We note at the outset that the defendant's brief on appeal contains a section entitled "Issues Presented for Review," which contains 17 enumerated "issues." Under defendant's section entitled "Points and Authorities," only four "points" are raised. The defendant's argument is not organized into sections dealing with each "issue" or "point." Supreme Court Rule 341(e)(7) (Ill. Rev. Stat. 1973, ch. 110A, par. 341(e)(7)) provides, in part:
"(e) Appellant's Brief. The appellant's brief shall contain the following parts in the order named:
(7) Argument, which shall contain the contentions of the appellant and the reasons therefor, with citation of the authorities and the pages of the record relied on. * * * Points not argued are waived and shall not be raised in the reply brief, in oral argument, or on petition for rehearing."
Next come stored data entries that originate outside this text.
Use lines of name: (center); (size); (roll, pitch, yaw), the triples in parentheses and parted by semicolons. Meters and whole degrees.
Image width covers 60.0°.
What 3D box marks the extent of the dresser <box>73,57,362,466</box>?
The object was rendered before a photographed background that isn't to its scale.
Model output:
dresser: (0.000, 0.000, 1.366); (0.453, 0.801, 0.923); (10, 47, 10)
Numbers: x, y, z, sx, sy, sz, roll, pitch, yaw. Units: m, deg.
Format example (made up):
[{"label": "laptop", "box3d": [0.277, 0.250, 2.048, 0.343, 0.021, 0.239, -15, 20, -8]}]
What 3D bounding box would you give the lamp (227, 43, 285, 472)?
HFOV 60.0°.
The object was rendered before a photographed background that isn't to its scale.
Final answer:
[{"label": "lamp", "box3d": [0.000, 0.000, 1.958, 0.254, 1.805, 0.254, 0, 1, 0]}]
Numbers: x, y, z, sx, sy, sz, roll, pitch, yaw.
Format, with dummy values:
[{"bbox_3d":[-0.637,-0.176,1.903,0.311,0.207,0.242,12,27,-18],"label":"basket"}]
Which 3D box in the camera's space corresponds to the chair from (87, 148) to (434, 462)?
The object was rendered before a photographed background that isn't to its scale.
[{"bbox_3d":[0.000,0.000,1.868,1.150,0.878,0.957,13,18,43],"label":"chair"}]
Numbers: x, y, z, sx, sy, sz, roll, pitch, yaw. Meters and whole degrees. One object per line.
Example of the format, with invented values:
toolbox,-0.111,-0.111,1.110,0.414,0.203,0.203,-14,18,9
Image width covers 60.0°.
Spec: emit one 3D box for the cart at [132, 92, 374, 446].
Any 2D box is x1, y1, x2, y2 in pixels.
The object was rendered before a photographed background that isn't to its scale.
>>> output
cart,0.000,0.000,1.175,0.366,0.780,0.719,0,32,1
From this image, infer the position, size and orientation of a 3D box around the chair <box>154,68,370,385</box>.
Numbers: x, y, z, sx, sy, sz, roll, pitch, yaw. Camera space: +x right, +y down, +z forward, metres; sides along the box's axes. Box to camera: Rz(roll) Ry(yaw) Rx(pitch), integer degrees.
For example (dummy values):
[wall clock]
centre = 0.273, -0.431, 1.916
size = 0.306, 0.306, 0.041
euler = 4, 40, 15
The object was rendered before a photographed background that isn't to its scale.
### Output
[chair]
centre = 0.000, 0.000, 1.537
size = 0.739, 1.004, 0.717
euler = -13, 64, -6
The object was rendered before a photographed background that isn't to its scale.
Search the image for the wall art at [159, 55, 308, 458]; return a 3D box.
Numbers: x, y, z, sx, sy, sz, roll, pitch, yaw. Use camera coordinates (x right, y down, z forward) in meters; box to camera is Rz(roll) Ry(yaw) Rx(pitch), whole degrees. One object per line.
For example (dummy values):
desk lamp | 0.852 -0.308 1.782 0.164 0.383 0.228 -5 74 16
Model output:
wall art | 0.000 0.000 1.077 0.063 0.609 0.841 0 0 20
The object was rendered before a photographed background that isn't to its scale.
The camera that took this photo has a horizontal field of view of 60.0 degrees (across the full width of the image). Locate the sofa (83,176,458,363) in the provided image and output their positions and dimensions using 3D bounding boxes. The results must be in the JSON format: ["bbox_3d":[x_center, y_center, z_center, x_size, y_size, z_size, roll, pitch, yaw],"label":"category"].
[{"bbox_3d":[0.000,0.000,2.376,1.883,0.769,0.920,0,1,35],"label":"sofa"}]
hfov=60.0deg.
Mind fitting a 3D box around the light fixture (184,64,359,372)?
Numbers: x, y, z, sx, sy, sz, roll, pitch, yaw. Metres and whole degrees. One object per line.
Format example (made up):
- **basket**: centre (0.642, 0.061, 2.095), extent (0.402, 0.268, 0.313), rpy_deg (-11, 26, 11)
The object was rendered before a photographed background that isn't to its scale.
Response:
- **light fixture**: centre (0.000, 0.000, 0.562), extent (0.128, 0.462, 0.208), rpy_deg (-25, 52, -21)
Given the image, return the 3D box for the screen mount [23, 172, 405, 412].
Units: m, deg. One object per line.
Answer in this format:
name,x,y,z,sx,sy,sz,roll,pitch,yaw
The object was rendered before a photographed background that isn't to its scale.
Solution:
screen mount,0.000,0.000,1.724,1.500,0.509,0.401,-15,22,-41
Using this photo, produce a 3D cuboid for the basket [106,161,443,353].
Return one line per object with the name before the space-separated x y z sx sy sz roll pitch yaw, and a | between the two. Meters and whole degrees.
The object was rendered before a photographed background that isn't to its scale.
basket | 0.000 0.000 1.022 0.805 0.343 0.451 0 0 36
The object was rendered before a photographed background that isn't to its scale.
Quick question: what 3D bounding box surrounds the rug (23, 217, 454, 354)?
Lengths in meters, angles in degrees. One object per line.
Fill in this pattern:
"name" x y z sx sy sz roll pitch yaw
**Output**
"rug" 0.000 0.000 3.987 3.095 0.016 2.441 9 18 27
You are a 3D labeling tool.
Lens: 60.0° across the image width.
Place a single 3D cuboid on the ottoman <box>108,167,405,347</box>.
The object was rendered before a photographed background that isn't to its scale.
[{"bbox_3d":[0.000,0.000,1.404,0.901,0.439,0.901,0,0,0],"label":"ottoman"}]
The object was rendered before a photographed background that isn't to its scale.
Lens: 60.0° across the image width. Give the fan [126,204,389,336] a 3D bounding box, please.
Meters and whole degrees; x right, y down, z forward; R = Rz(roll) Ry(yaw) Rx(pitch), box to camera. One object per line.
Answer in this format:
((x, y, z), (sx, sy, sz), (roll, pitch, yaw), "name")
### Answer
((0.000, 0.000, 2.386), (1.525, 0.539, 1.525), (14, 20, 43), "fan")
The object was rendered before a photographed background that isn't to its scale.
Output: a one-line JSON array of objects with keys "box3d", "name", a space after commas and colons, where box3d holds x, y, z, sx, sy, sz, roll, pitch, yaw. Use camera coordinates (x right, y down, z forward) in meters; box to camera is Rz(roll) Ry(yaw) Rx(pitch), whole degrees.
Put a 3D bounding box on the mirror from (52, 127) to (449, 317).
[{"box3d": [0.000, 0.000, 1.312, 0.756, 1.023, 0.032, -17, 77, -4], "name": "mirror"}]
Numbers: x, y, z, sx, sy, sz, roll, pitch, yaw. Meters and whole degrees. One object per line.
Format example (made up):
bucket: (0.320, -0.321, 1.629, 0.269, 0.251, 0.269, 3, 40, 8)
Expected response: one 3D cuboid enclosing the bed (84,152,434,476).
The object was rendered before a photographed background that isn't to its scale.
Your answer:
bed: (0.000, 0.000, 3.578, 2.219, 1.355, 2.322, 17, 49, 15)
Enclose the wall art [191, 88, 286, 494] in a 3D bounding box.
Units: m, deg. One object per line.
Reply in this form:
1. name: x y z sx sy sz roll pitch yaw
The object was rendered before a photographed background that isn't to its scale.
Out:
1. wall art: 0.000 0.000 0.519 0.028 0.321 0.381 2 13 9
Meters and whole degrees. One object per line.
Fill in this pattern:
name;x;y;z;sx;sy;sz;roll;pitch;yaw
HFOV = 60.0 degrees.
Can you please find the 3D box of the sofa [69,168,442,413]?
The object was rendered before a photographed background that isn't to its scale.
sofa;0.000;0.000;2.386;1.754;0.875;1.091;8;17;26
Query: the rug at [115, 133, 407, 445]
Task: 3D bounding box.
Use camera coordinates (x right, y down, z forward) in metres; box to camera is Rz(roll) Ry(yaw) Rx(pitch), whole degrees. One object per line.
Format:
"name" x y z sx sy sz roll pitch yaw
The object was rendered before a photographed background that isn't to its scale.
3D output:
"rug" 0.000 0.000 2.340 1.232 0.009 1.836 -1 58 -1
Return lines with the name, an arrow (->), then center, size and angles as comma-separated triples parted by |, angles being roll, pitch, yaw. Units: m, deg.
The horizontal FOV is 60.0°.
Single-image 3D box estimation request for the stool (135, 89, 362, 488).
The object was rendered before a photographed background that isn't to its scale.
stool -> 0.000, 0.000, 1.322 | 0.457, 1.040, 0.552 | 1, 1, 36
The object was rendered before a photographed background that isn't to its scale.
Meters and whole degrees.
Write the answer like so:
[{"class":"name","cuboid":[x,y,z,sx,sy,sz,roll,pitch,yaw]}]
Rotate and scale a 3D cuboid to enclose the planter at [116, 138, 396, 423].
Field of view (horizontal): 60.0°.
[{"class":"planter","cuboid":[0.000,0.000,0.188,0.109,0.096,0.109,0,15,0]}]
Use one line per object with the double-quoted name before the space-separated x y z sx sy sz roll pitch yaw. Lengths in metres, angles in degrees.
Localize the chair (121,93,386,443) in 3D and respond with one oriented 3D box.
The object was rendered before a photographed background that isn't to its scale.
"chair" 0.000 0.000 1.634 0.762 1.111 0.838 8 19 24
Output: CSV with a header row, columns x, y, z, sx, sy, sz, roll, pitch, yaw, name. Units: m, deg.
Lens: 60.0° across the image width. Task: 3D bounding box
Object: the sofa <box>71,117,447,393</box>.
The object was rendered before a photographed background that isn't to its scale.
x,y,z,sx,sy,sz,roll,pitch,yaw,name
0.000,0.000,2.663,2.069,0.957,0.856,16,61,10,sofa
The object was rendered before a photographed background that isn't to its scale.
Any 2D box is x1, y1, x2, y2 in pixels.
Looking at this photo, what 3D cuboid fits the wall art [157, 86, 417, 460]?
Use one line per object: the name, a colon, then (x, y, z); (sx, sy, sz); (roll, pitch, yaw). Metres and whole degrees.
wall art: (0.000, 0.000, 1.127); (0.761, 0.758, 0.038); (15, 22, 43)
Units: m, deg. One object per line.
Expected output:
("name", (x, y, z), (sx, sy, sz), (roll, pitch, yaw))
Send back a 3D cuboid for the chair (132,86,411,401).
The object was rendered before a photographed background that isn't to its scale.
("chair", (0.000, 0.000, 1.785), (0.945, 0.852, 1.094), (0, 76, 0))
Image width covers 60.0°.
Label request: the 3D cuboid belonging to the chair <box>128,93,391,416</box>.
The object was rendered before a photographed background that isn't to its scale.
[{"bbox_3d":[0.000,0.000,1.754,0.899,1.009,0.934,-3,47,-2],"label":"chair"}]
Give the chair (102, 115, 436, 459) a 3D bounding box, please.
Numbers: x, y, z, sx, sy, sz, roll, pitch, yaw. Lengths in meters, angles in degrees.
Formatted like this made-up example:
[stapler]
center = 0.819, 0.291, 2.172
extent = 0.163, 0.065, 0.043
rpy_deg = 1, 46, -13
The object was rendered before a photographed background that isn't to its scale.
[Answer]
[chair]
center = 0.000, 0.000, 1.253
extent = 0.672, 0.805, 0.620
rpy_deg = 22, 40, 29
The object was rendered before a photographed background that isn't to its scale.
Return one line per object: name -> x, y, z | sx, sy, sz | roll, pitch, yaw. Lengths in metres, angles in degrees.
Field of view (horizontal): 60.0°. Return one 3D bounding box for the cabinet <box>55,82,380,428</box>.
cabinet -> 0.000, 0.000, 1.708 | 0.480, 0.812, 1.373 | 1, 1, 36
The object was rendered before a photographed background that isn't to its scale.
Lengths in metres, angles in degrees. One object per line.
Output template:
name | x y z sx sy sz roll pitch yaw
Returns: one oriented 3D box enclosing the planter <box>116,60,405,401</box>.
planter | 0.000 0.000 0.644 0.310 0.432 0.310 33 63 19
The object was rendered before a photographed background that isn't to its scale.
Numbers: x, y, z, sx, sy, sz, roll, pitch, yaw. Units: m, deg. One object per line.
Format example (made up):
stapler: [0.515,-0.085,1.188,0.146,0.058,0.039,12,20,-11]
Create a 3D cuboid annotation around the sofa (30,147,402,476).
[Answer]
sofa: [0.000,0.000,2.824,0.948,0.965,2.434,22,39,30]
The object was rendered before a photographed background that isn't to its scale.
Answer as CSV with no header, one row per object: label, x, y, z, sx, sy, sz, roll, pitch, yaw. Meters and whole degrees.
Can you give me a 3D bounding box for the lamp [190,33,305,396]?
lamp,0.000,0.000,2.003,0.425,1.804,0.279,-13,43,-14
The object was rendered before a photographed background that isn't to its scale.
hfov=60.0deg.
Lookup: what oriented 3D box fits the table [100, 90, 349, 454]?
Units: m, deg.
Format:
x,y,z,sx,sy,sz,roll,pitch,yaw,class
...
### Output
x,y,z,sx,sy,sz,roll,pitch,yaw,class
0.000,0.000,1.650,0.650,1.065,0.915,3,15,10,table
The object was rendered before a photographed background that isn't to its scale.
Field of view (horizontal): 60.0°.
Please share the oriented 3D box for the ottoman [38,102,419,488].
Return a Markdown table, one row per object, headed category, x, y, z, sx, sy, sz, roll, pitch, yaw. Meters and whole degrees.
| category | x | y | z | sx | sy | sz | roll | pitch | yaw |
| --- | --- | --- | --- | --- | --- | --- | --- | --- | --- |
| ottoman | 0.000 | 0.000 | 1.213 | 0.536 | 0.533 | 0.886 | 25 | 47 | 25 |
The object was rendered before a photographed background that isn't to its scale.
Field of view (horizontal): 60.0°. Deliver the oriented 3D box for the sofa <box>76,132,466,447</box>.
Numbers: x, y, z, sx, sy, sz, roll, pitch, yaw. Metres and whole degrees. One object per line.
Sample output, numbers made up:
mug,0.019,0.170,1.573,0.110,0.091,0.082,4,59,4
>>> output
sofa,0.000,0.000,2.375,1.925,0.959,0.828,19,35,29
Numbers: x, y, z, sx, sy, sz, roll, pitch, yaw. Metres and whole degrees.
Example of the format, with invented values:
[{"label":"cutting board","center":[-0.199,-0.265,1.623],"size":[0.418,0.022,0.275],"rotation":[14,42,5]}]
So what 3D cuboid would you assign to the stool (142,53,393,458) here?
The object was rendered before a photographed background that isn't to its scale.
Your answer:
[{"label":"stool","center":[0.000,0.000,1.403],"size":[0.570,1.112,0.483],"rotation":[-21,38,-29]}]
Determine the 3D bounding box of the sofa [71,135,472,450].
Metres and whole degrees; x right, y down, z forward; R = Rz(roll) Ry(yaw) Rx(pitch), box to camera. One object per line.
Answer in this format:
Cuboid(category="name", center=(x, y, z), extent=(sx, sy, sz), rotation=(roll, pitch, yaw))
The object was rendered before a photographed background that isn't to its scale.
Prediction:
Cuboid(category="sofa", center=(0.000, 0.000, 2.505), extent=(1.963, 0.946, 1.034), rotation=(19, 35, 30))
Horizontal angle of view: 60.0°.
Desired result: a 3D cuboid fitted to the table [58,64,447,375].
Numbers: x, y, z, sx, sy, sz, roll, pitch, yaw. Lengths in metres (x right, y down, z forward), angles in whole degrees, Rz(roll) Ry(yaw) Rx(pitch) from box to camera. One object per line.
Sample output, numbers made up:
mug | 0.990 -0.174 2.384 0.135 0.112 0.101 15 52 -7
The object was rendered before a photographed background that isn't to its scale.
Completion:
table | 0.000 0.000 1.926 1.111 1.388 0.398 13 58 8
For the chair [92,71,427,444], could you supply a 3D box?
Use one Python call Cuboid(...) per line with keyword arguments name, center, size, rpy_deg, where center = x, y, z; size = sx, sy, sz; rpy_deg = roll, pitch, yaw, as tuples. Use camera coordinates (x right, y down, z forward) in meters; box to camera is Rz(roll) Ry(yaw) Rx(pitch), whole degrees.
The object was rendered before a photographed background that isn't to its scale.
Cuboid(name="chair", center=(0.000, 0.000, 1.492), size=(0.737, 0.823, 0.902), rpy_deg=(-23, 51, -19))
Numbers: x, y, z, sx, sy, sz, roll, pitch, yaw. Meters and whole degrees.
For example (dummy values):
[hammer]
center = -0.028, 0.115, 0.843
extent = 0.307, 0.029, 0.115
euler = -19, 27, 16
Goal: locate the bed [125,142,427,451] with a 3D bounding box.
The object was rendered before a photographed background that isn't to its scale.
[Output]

Since the defendant has seen fit not to argue several of his "issues" we deem such issues waived. For purposes of review we have consolidated those contentions presented in defendant's argument, and hence not waived, into the following:
(1) The defendant was not proven guilty beyond a reasonable doubt of the charge of voluntary manslaughter.
(2) The opening statement by the State's Attorney was prejudicial to the defendant.
(3) The defendant was prejudiced by the State's failure to divulge certain evidence which was within the defendant's motion for discovery.
(4) It was reversible error for the State to fail to present evidence establishing the defendant's sanity before resting its case in chief when it had been notified that insanity would be one of the defendant's defenses.
(5) The trial court erred in failing to instruct the jury as to "the lesser included offense" of involuntary manslaughter.
1-3 The defendant's contention that he was not proven guilty beyond a reasonable doubt of the charge of voluntary manslaughter is premised upon the degree of the defendant's intoxication at the time of the offense and his allegation that he was not the aggressor i.e., he acted in self-defense. As we recently stated in People v. Heiple, 29 Ill. App.3d 452, 453, 330 N.E.2d 556, 557.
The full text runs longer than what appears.